**AI and Mathematics**

**Day 1 (April 6) @ 15:30–16:30**

**General abstract: **In close collaboration with NWO, the AIM Network wants to make fundamental research in the mathematics of AI visible to the broader research community, and to facilitate participation of mathematicians in research consortia within AI. As such, AIM unites the Dutch research groups working on mathematics for and in Artificial Intelligence.

The AIM session consists of five presentations covering a broad spectrum of AI-related topics. The session also includes a short interactive introduction of our activities and goals.
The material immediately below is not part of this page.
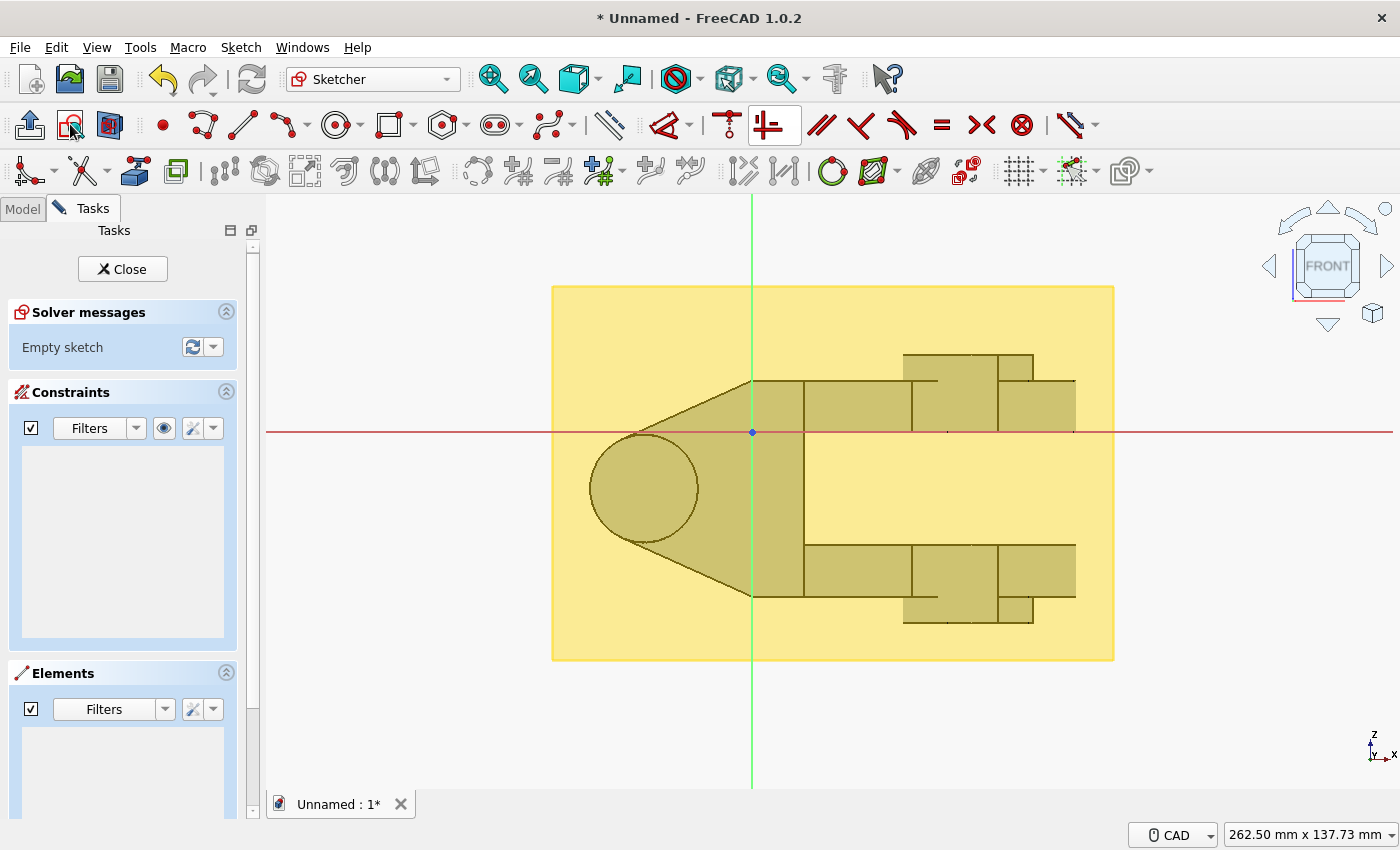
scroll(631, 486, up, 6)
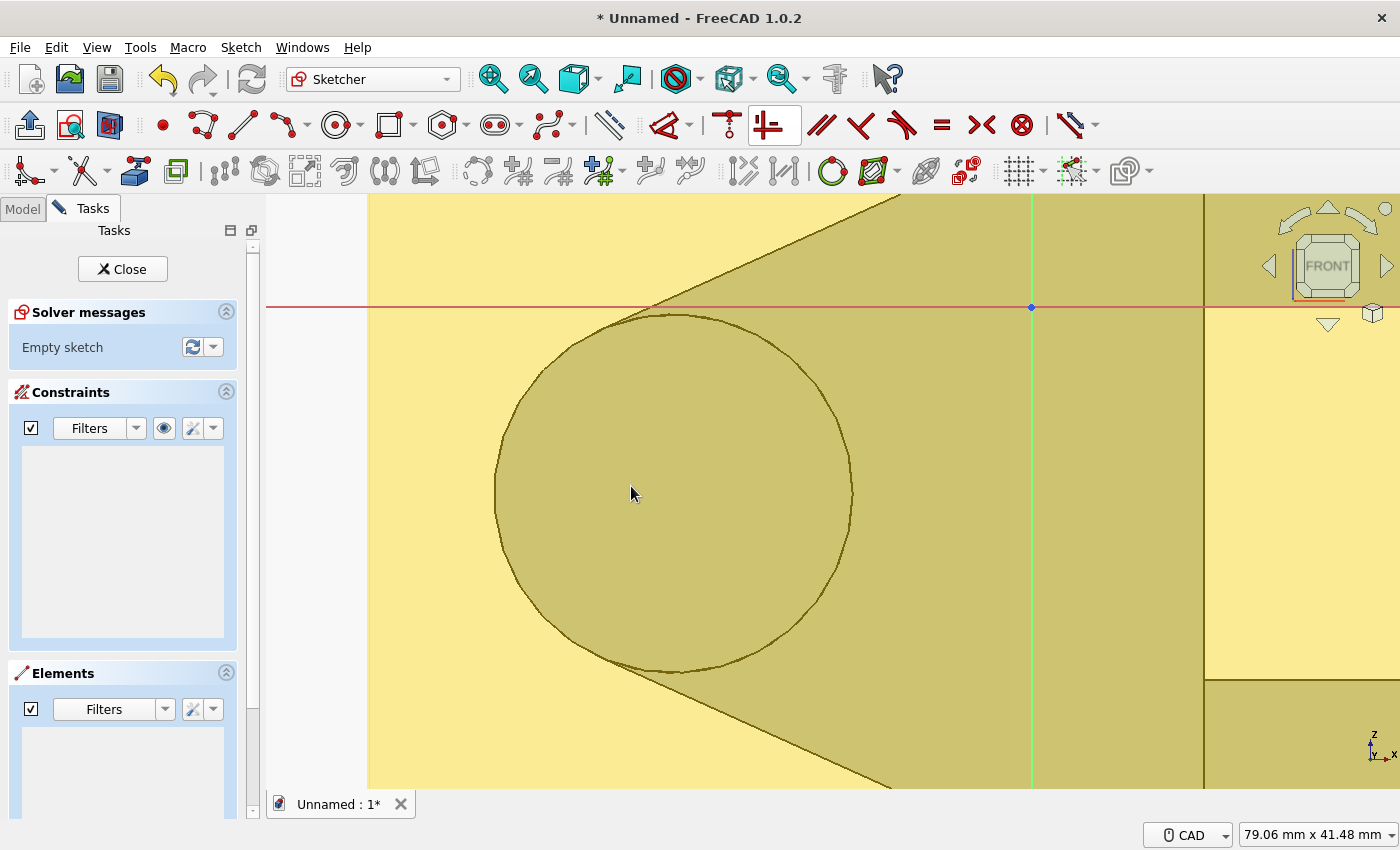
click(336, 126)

The session will be hosted by Karen Aardal (TUD), Christoph Brune (Twente), Peter Grunwald (CWI, Leiden) and Amber Kerkhofs (NWO).

**Christoph Brune** (University of Twente)

#### Deep learning of normal form autoencoders for universal, parameter-dependent dynamics

A long-standing goal in dynamical systems is to construct reduced-order models for high-dimensional spatiotemporal data that capture the underlying parametric dependence of the data. In this work, we introduce a deep learning technique to discover a single low-dimensional model for such data that captures the underlying parametric dependence in terms of a normal form. A normal form is a symbolic expression, or universal unfolding, that describes how the reduced-order differential equation model varies with respect to a bifurcation parameter. Our approach introduces coupled autoencoders for the state and parameter, with the latent variables constrained to adhere to a given normal form. (joint work with Manu Kalia, Steven Brunton, Hil Meijer and Nathan Kutz)

**Allard Hendriksen** (CWI, Amsterdam)

#### Practical deep denoising for tomography without reference data

In X-ray computed tomography, a 3D model of the interior of an object is computed from a sequence of X-ray images. As the exposure time of the X-ray acquisition is reduced, noise is introduced in the images and the reconstructed model. For removing this noise, deep convolutional neural networks (CNNs) have been shown to be effective, but have so far required a dataset of noise-free target images for training. Our research suggests that it is possible to train such networks without any additional noise-free data by changing the training strategy. This opens the doors for application of deep CNNs in applications where obtaining noise-free images is infeasible, such as battery research and tomography of quickly evolving dynamic systems.

**Oxana Manita** (Eindhoven University of Technology)

#### Universal Approximation in Dropout Neural Networks

Dropout is a commonly used regularization algorithm. During training with dropout edges or nodes of a network are randomly deleted in order to prevent coadaptation. In this talk the approximation properties of dropout networks are discussed. We consider two versions of dropout networks – networks with random output and networks with deterministic output obtained by replacing random filters by their expected values. The latter is commonly used in practice mode of operation. It turns out that for a given function, one can construct a dropout network that approximates it well in both modes simultaneously. (Joint work with M. Peletier. J. Portegies, J. Sanders and A. Senen-Cerda)

**Mathias Staudigl** (Maastricht University)

#### Generalized Self-concordant analysis of Frank-Wolfe Algorithms

Projection-free optimization via different variants of the Frank-Wolfe method has become one of the cornerstones in large scale optimization for machine learning and computational statistics. Numerous applications within these fields involve the minimization of functions with self-concordant like properties. Such Generalized Self-Concordant (GSC) functions do not necessarily feature a Lipschitz continuous gradient, nor are they strongly convex. Indeed, in a number of applications within machine learning, e.g. inverse covariance estimation or distance-weighted discrimination problems in support vector machines, the loss is given by a GSC function having unbounded curvature, implying absence of theoretical guarantees for the existing Frank-Wolfe methods. This paper closes this apparent gap in the literature by developing provably convergent Frank-Wolfe algorithms with standard O(1/k) convergence rate guarantees. If the problem formulation allows the efficient construction of a local linear minimization oracle, we develop a Frank-Wolfe method with linear convergence rate. (joint work with Kamil Safin (Moscow Institute of Physics and Technology), Pavel Dvurechensky (Weierstrass Institute for Applied Analysis and Stochastics), Shimrit Shtern (Technion-The Israel Institute of Technology))

**Lara Scavuzzo** (Delft University of Technology)

#### Learning to branch for Mixed Integer Programming

Mixed Integer Programming is a powerful mathematical modeling tool for optimization problems, with numerous applications in real-world scenarios. In spite of the NP-hardness of Mixed Integer Programs (MIPs), our capabilities to tackle such problems have dramatically increased as a result of advancements in the algorithms that solve them. However, in practice, solving MIPs to optimality remains challenging. In this talk, I will discuss the potential of Machine Learning (ML) tools to augment algorithms for Mixed Integer Programming. In particular, how ML can support decision-making for critical tasks within the solver, such as choosing a branching candidate.